§ Instructions for the task:
Nothing but the lines from the one that holds "Example of the" through the end of the material should be repeated, each exactly as it stands, and pictures stay out.
Record excerpts section start
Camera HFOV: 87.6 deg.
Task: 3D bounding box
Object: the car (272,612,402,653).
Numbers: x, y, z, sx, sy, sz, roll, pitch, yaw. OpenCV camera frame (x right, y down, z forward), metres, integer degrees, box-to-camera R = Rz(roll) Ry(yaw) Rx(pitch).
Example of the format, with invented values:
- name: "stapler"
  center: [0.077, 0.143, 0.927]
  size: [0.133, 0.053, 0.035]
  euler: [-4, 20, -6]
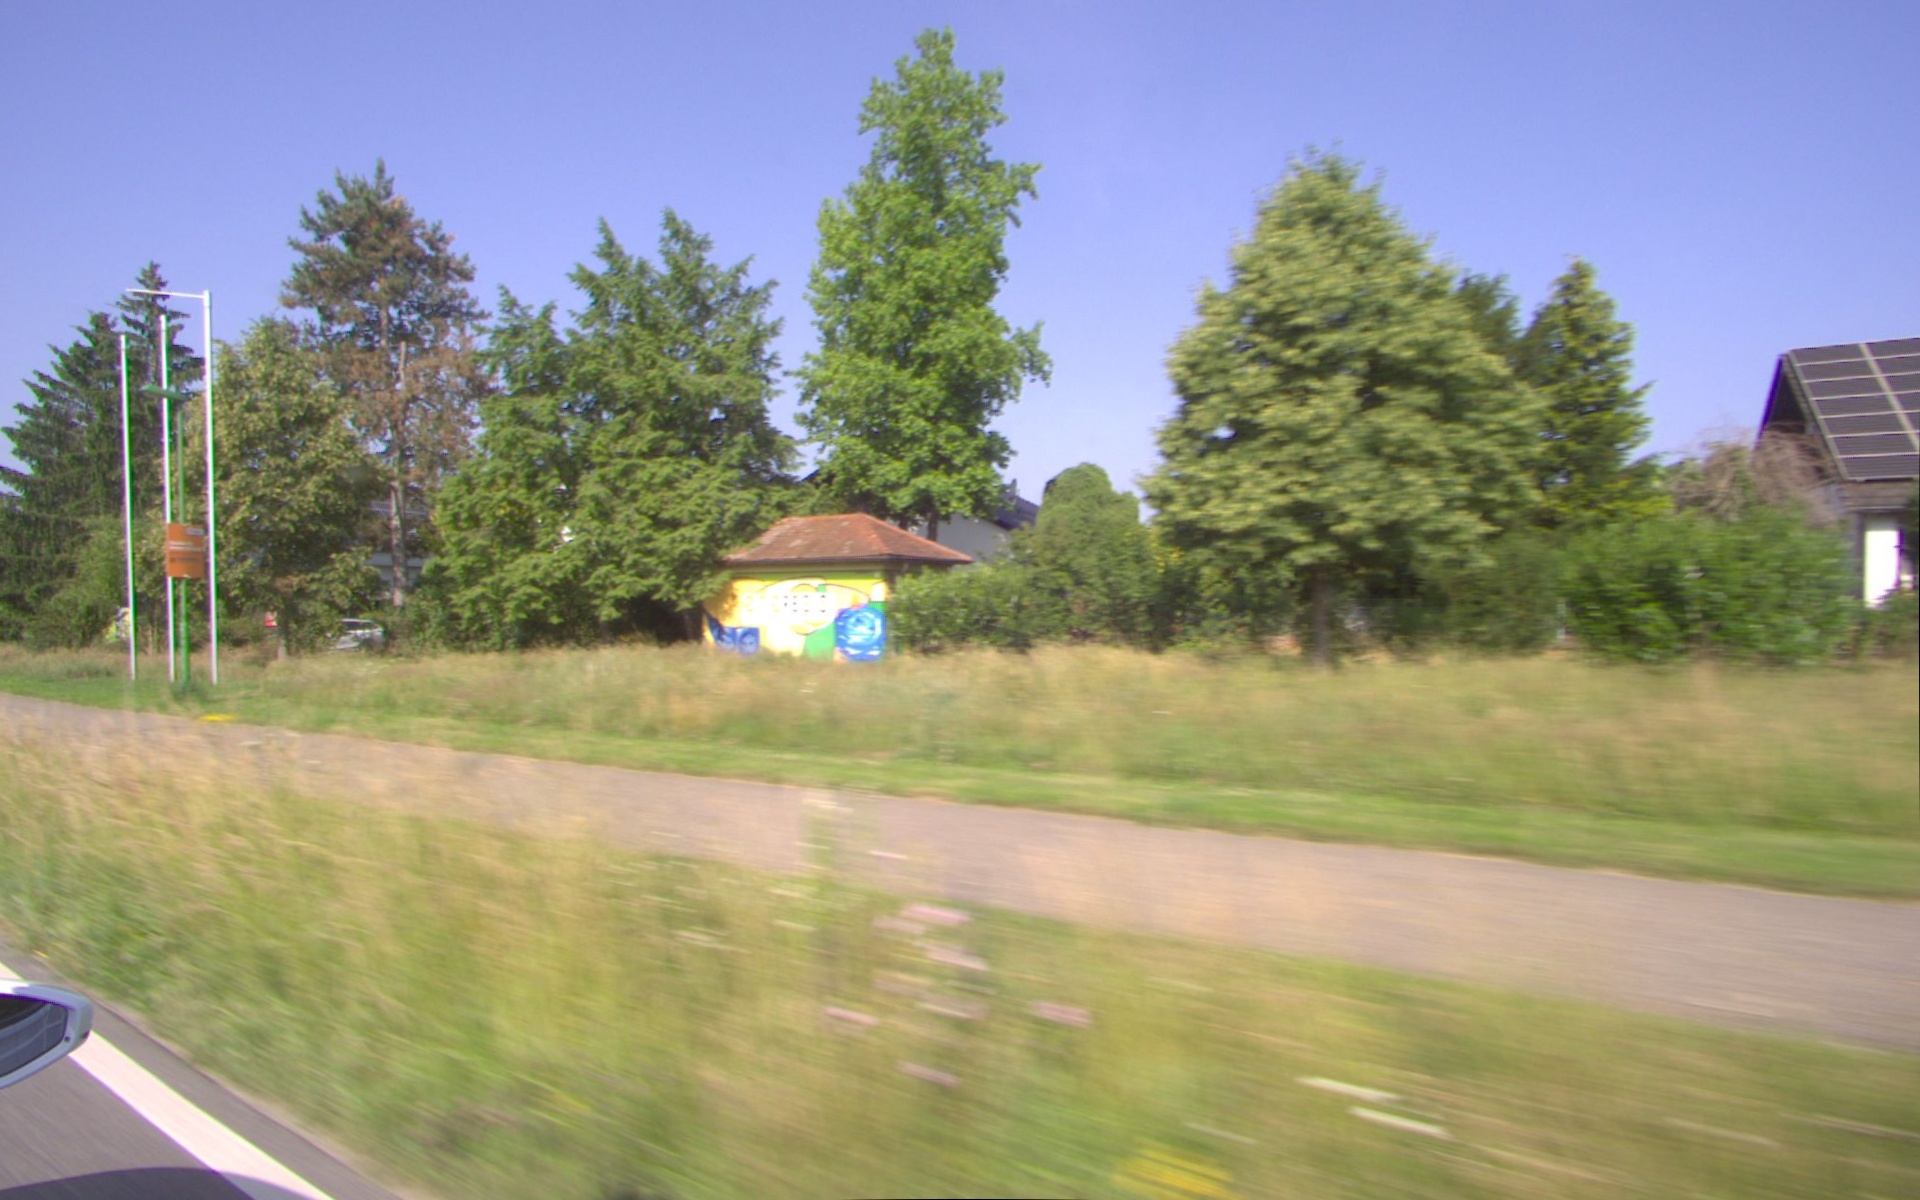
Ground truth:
- name: "car"
  center: [-24.192, 1.231, 39.010]
  size: [1.785, 1.453, 3.987]
  euler: [0, 0, 25]
Record excerpts section end
§ Reply:
Example of the format, with invented values:
- name: "stapler"
  center: [0.077, 0.143, 0.927]
  size: [0.133, 0.053, 0.035]
  euler: [-4, 20, -6]
Ground truth:
- name: "car"
  center: [-24.192, 1.231, 39.010]
  size: [1.785, 1.453, 3.987]
  euler: [0, 0, 25]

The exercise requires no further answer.